Mapreduce Example Fails
pooleja opened this issue · 4 comments
I have been trying get the Mapreduce example to run against a cluster with the following version:
Hadoop 2.2.0.2.0.6.0-101
I built the example with the following command:
mvn clean package -Phadoop22
The first error I encountered was seen on the logs for the Map task:
java.lang.ClassNotFoundException: org.apache.hadoop.mapreduce.v2.app.MRAppMaster
To get around this error I added the following config item to the application-context.xml for the config object:
yarn.application.classpath=$HADOOP_CONF_DIR,$HADOOP_COMMON_HOME/*,$HADOOP_COMMON_HOME/lib/*,$HADOOP_HDFS_HOME/*,$HADOOP_HDFS_HOME/lib/*,$HADOOP_MAPRED_HOME/*,$HADOOP_MAPRED_HOME/lib/*,$HADOOP_YARN_HOME/*,$HADOOP_YARN_HOME/lib/*
Now the job gets submitted and starts to execute properly, however it only succeeds if the task is executed on the same node that Resource Manager is running on. It is a 3 node cluster, where Node1 has Resource Manager. When any of the jobs get submitted to Node2 or Node3, it will fail with (repeating):
2014-02-06 12:05:52,135 INFO [main] org.apache.hadoop.ipc.Client: Retrying connect to server: 0.0.0.0/0.0.0.0:8030. Already tried 3 time(s); retry policy is RetryUpToMaximumCountWithFixedSleep(maxRetries=10, sleepTime=1 SECONDS)

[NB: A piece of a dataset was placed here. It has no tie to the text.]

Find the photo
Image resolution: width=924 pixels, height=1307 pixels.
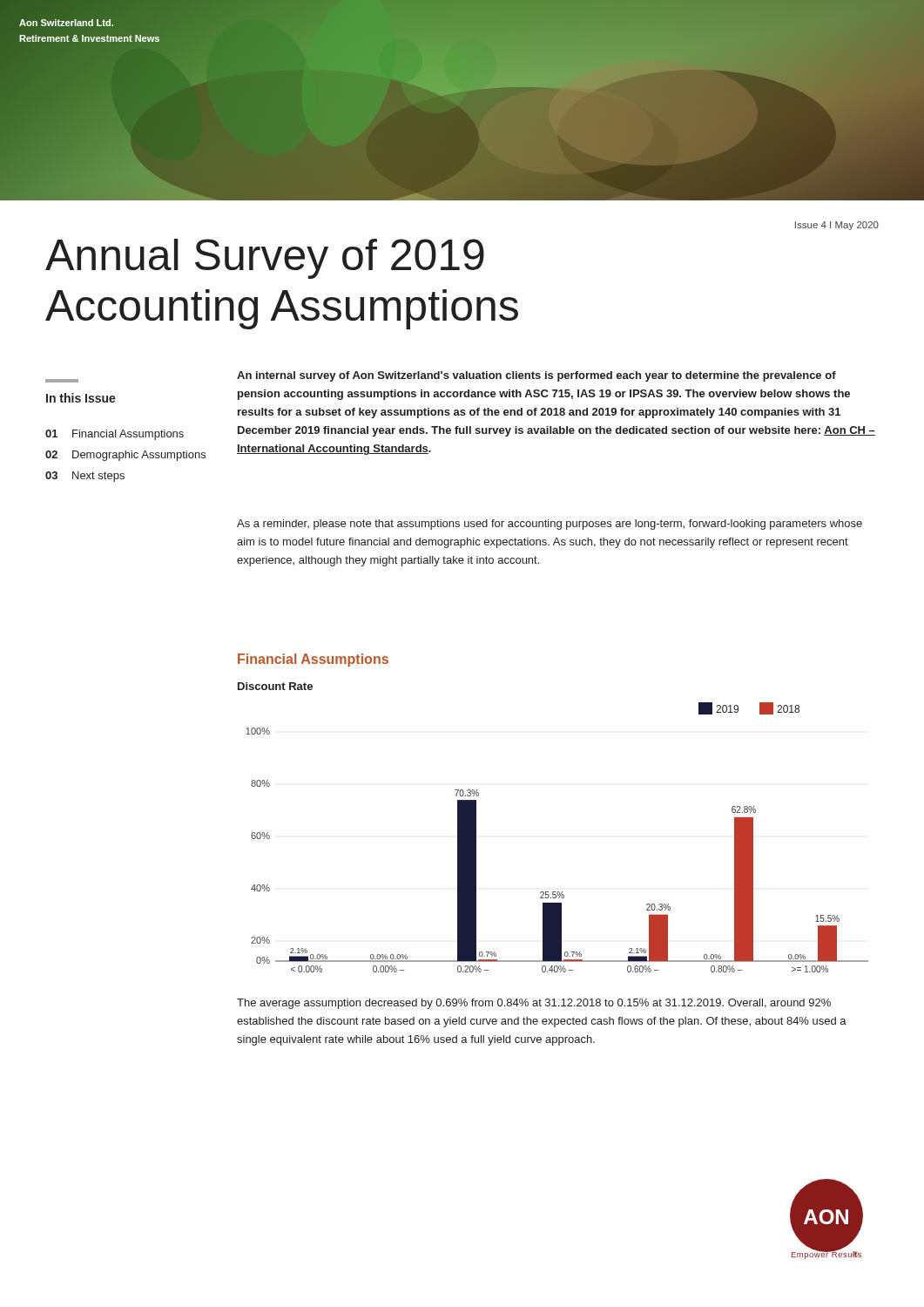tap(462, 100)

If I run a sample map/reduce job outside of spring hadoop it executes as expected on any of the nodes, so I don't think it is a problem with the setup. It seems like the Spring Hadoop libraries are picking up a setting where the task thinks the Resource Manager is installed on the local Node.
Please let me know if you have any suggestions.
Could you try setting this property in your config:
yarn.resourcemanager.hostname
Set that to the hostname where the RM is running.
Yep, that was it. Thanks!
Is there any guidance from the Spring Hadoop team on the best way to ensure all the properties are correct? For example, would it make sense to copy a yarn-site.xm and mapred-site.xml to the client machine and pull it into the spring config? Or could that cause other types of problems?
I've used both ways for providing config options and the net effect is the same, so pick the one that you are more comfortable using. I tend to prefer to collect my configurations in a properties file that's part of my application.
Hi, Same problem...but coudnt solve....please help...i have a 5 node cluster with one master and 4 slaves.
I have set the ip-address of the master node [in fact even tried hard-coding] for 'yarn.resourcemanager.hostname' in the yarn-site.xml file. But even then i get the following in the log files.
ERROR:........Configuration: job.xml:an attempt to override final parameter: mapreduce.job.end-notification.max.retry.interval; Ignoring.
2014-03-05 20:15:50,597 WARN [main] org.apache.hadoop.conf.Configuration: job.xml:an attempt to override final parameter: mapreduce.job.end-notification.max.attempts; Ignoring.
2014-03-05 20:15:50,603 INFO [main] org.apache.hadoop.yarn.client.RMProxy: Connecting to ResourceManager at /0.0.0.0:8030
2014-03-05 20:15:56,632 INFO [main] org.apache.hadoop.ipc.Client: Retrying connect to server: 0.0.0.0/0.0.0.0:8030. Already tried 0 time(s); retry policy is RetryUpToMaximumCountWithFixedSleep(maxRetries=10, sleepTime=1000 MILLISECONDS)
What could be the reason. Why is not hadoop picking up the parameter that i had set...???